At the Prindle Institute for Ethics on Saturday, April 5, students and faculty escaped the rainy morning to listen to several speakers talk at the Global Health Symposium sponsored by the Tumaini Foundation. Leaders on pressing Global Health issues provided an opportunity for all in attendance to learn.
The event hosted a variety of speakers, including Associate Professor of Biology Chris Hall from Berry University’s talk on the “One Health” approach—a concept that no population exists independent from another or from the environment they share, requiring we understand all the populations and the environment in which they live.
American author, YouTuber and philanthropist John Green also came to talk about his new book released in March 2025, ”Everything Is Tuberculosis: The History and Persistence of Our Deadliest Infection.”
John Green, Partners in Health (PIH) Board Member, began his talk with his original focus on maternal health and Sierra Leone. For generations, the country has struggled with providing safe maternal healthcare. In 2017, 1-in-17 women could expect to die in pregnancy or childbirth in Sierra Leone. Green talked about how ministries of health have helped reduce maternal mortality by 70% since then.
In March 2019, Green visited several clinics in Sierra Leone in a profoundly impoverished community. During the last day, Green visited a tuberculosis hospital. Although reluctant to, Green said it changed his life.
When Green tiredly walked in, a child named Henry, the same name as his son, physically grabbed him by the shirt and walked him around the hospital. They spoke in-depth about the hospital, travelling to the laboratory to look at a tuberculosis sample. They then went to the wards to see patients with tuberculosis.
“I have never seen people this sick before.
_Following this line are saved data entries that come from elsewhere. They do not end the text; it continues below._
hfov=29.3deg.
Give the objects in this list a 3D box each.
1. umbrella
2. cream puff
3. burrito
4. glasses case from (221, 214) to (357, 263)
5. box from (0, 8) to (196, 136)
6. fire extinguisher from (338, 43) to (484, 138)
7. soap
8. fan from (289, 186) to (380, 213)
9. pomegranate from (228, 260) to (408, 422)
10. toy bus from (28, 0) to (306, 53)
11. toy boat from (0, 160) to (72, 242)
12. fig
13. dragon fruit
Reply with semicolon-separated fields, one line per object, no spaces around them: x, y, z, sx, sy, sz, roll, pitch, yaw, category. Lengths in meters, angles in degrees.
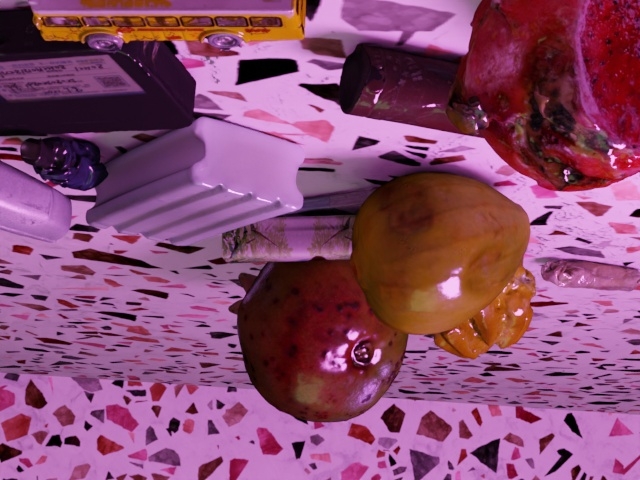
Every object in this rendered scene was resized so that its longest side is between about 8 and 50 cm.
-0.309;-0.099;1.443;0.070;0.071;0.248;2;175;5;umbrella
0.235;0.091;1.889;0.194;0.195;0.221;14;165;-36;cream puff
0.442;0.058;1.969;0.188;0.045;0.058;7;-170;-24;burrito
0.000;0.000;1.760;0.272;0.062;0.095;-1;173;9;glasses case
-0.318;-0.167;1.253;0.350;0.058;0.211;0;164;13;box
0.157;-0.146;1.221;0.267;0.072;0.089;8;124;-17;fire extinguisher
-0.160;-0.068;1.528;0.159;0.088;0.265;14;161;-35;soap
-0.025;-0.048;1.711;0.282;0.023;0.057;-5;162;33;fan
-0.004;0.142;1.943;0.290;0.291;0.323;7;176;-15;pomegranate
-0.125;-0.204;1.020;0.226;0.081;0.074;2;166;4;toy bus
-0.398;-0.060;1.389;0.085;0.078;0.260;-16;153;33;toy boat
0.150;0.006;1.544;0.230;0.207;0.207;-25;159;11;fig
0.235;-0.154;0.944;0.282;0.211;0.147;-20;179;-19;dragon fruit
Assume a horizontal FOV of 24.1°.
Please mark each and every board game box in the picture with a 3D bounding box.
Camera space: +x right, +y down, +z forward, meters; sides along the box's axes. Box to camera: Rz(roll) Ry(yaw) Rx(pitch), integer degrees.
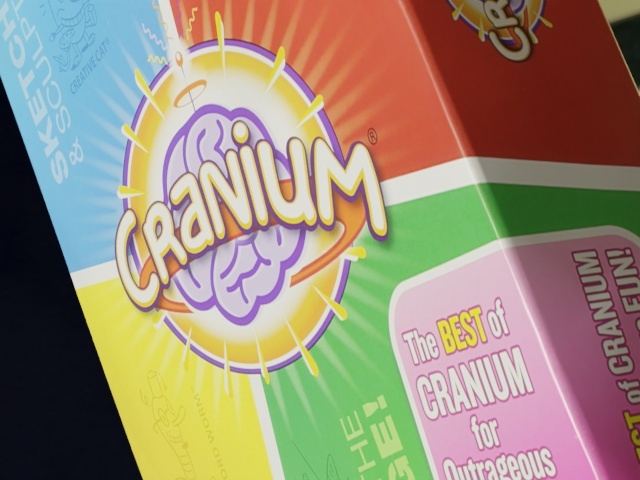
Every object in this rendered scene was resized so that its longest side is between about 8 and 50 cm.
[{"bbox_3d":[0.000,0.000,0.465,0.064,0.242,0.316,-14,-104,-33],"label":"board game box"}]
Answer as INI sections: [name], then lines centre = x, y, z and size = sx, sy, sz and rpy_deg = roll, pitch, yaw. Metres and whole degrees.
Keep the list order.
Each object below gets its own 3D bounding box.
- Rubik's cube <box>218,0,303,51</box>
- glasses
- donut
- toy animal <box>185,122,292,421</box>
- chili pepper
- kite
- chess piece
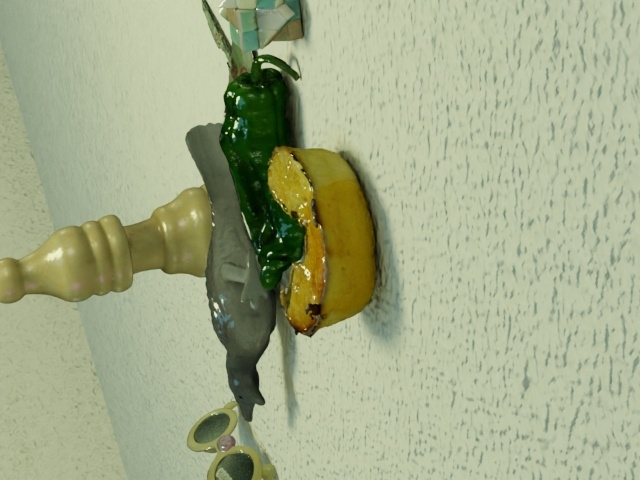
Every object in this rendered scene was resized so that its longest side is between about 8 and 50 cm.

I was shocked by it,” Green said.
Called the robber of youth, tuberculosis often killed people at a young age throughout human history. Being around since before humans, the mycobacterium impacts the lungs, where the body’s immune system can surround it to form tubercles.
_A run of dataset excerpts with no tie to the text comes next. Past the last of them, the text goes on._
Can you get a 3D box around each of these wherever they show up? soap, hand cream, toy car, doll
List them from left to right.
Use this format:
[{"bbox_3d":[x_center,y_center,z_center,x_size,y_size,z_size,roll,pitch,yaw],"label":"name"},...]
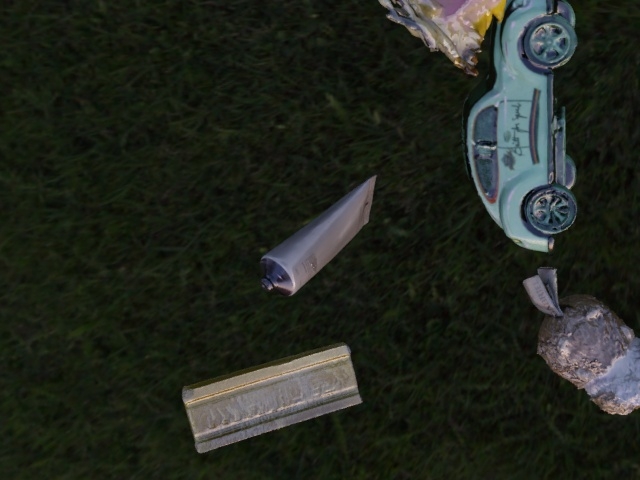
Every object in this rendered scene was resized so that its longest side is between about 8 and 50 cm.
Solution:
[{"bbox_3d":[-0.068,0.220,1.454,0.252,0.037,0.092,-14,94,-17],"label":"soap"},{"bbox_3d":[0.000,0.000,1.185,0.054,0.186,0.087,36,146,22],"label":"hand cream"},{"bbox_3d":[0.212,-0.136,1.099,0.125,0.136,0.306,-2,112,14],"label":"toy car"},{"bbox_3d":[0.330,0.128,1.276,0.221,0.115,0.105,38,95,-5],"label":"doll"}]

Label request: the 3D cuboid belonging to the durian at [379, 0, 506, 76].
[{"bbox_3d":[0.034,-0.291,0.792,0.305,0.195,0.185,41,88,-25],"label":"durian"}]
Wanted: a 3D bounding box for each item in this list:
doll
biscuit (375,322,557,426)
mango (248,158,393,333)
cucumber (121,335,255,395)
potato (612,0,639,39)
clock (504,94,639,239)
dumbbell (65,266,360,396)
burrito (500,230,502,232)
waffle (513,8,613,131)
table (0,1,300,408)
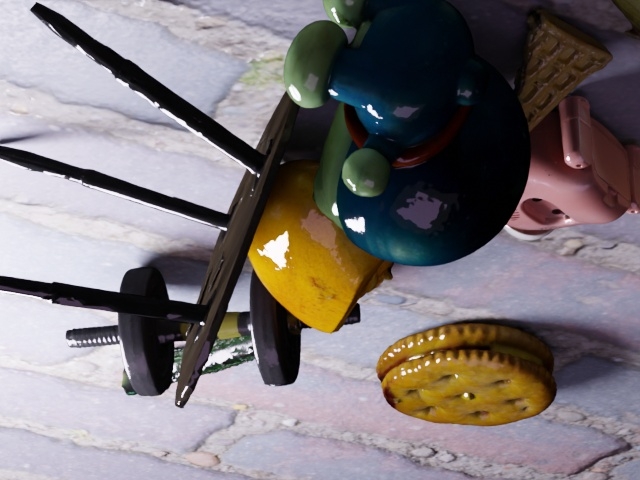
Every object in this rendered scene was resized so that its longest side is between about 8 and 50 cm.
[{"bbox_3d":[0.082,-0.093,1.618,0.186,0.198,0.322,19,161,20],"label":"doll"},{"bbox_3d":[0.176,0.167,2.249,0.220,0.066,0.220,1,152,0],"label":"biscuit"},{"bbox_3d":[0.000,0.000,1.861,0.154,0.126,0.252,28,161,21],"label":"mango"},{"bbox_3d":[-0.129,0.137,2.217,0.256,0.043,0.044,-19,151,30],"label":"cucumber"},{"bbox_3d":[0.274,-0.216,1.520,0.105,0.085,0.188,3,158,46],"label":"potato"},{"bbox_3d":[0.214,-0.056,1.809,0.162,0.093,0.166,-16,149,33],"label":"clock"},{"bbox_3d":[-0.118,0.093,2.028,0.325,0.143,0.143,-5,152,9],"label":"dumbbell"},{"bbox_3d":[0.114,-0.045,1.863,0.064,0.064,0.203,-20,147,32],"label":"burrito"},{"bbox_3d":[0.181,-0.140,1.684,0.097,0.023,0.152,20,131,-34],"label":"waffle"},{"bbox_3d":[-0.191,-0.031,1.688,0.249,0.317,0.317,20,149,-7],"label":"table"}]
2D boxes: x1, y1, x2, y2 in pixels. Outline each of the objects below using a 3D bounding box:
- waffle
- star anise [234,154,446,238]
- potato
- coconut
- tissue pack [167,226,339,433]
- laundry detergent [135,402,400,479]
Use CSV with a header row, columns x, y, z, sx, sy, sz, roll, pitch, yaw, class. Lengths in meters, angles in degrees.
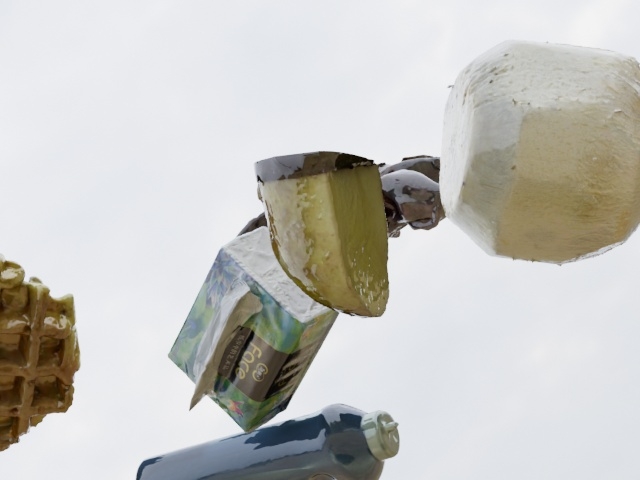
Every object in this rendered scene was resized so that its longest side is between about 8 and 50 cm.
x,y,z,sx,sy,sz,roll,pitch,yaw,class
-0.307,0.122,1.228,0.253,0.056,0.249,-27,-59,-4,waffle
0.036,-0.018,1.575,0.283,0.129,0.212,-27,2,-2,star anise
0.000,0.000,0.926,0.066,0.103,0.096,-9,-7,25,potato
0.173,-0.064,1.065,0.162,0.161,0.161,5,-38,-8,coconut
-0.052,0.064,1.015,0.079,0.085,0.111,-27,-27,-49,tissue pack
-0.029,0.162,1.077,0.206,0.061,0.096,-21,-38,25,laundry detergent

Although curable, tuberculosis often takes four to six months of antibiotics to treat and sometimes much longer. It would come to Green’s knowledge that Henry was on the last available regiment of antibiotics.
“I think of tuberculosis and our response to it as a staircase. At the top of the staircase, we eliminate tuberculosis. We know we can get to the top of the staircase. For the vast majority of human history, we are at the bottom stair.”
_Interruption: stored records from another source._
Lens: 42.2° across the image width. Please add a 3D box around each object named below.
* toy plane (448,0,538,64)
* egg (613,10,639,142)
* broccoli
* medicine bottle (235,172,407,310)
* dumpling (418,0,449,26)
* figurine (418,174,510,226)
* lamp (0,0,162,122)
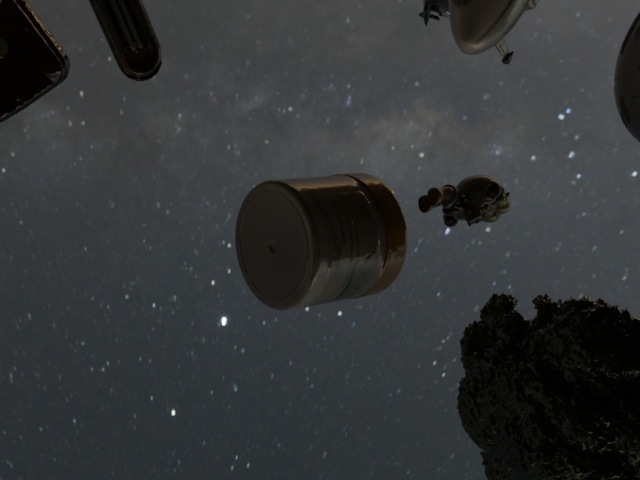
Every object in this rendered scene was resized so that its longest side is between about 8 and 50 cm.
[{"bbox_3d":[0.166,-0.251,0.712,0.251,0.101,0.255,-3,-122,41],"label":"toy plane"},{"bbox_3d":[0.407,-0.195,0.927,0.147,0.198,0.146,1,-161,0],"label":"egg"},{"bbox_3d":[0.315,0.183,0.918,0.283,0.304,0.321,-37,-79,-41],"label":"broccoli"},{"bbox_3d":[0.000,0.000,1.522,0.232,0.238,0.238,-9,-125,-41],"label":"medicine bottle"},{"bbox_3d":[0.245,-0.436,1.282,0.163,0.204,0.293,-11,-166,-27],"label":"dumpling"},{"bbox_3d":[0.267,-0.068,1.513,0.197,0.147,0.093,-17,-104,-41],"label":"figurine"},{"bbox_3d":[-0.273,-0.203,0.859,0.125,0.203,0.283,-20,-150,21],"label":"lamp"}]

While racializing the disease has caused steps down, some understanding of the disease has helped us step up. Identifying it as infectious and as a bacteria helped lower the rates of tuberculosis. Vaccine development, lung deflation, antibiotics and wide-spread screening has helped to reign in the tuberculosis problem to where society is today. However, Henry’s story tells a tale that the problem is far from over and that we are falling down the stairs again.
“The real cause of tuberculosis is human-built systems in the 21st century. We are the cause but that also means we are the solution,” Green said.
When tuberculosis ceased to be a problem in the United States, pharmaceutical companies lost the incentive to continue tuberculosis research. Since then, the bacterium has had the chance to become resistant to those old drugs, which is especially a problem in places such as Sierra Leone where those drugs are ineffective.
“This is not the end of the story, this is the middle of the story,” Green said.
Green said that to end the story of tuberculosis, almost 25 billion dollars are needed. Almost certainly, Green mentioned, that will have to be a sacrifice from the rich world. Although it would be hard to eradicate, we could eliminate it as a public health crisis.
Henry was able to receive personalized antibiotic care and cure his tuberculosis. Although he spent several years away from school, Henry was able to finish high school and enroll at the University of Sierra Leone, where he is now a junior. Green hopes that in the future everyone who lives with tuberculosis will receive the care that Henry did.
Professor of Sociology Bernice Pescosolido from Indiana University focused her talk on “Stigma and Global Mental Health.” Also at the symposium, Dr. Anatole Manzi from Harvard Medical School and Partners in Health discussed “Reimagining Global Health - A Call for Collective Optimism.”